Data extracts –

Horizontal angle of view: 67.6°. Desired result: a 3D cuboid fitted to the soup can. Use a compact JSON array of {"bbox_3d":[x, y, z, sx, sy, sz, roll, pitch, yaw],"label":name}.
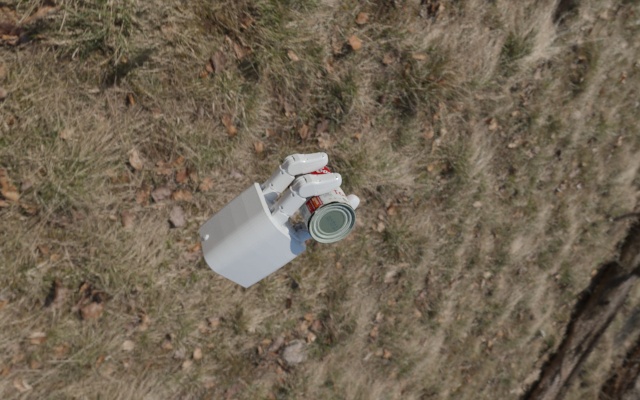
[{"bbox_3d":[0.001,0.002,0.654,0.068,0.068,0.102,0,34,-22],"label":"soup can"}]
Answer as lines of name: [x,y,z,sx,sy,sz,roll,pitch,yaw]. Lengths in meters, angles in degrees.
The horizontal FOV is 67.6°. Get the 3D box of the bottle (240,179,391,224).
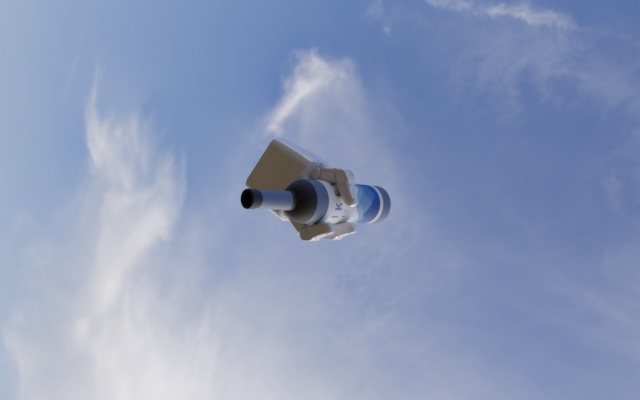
bottle: [0.000,0.002,0.739,0.069,0.069,0.296,0,-2,41]

Task requirements – Lines before the one containing "The horizontal FOV" are not wanted; repeat that line and the rest of the listing exactly, leaving out pictures.

Output of the task –
The horizontal FOV is 67.6°. Get the 3D box of the bottle (240,179,391,224).
bottle: [0.000,0.002,0.739,0.069,0.069,0.296,0,-2,41]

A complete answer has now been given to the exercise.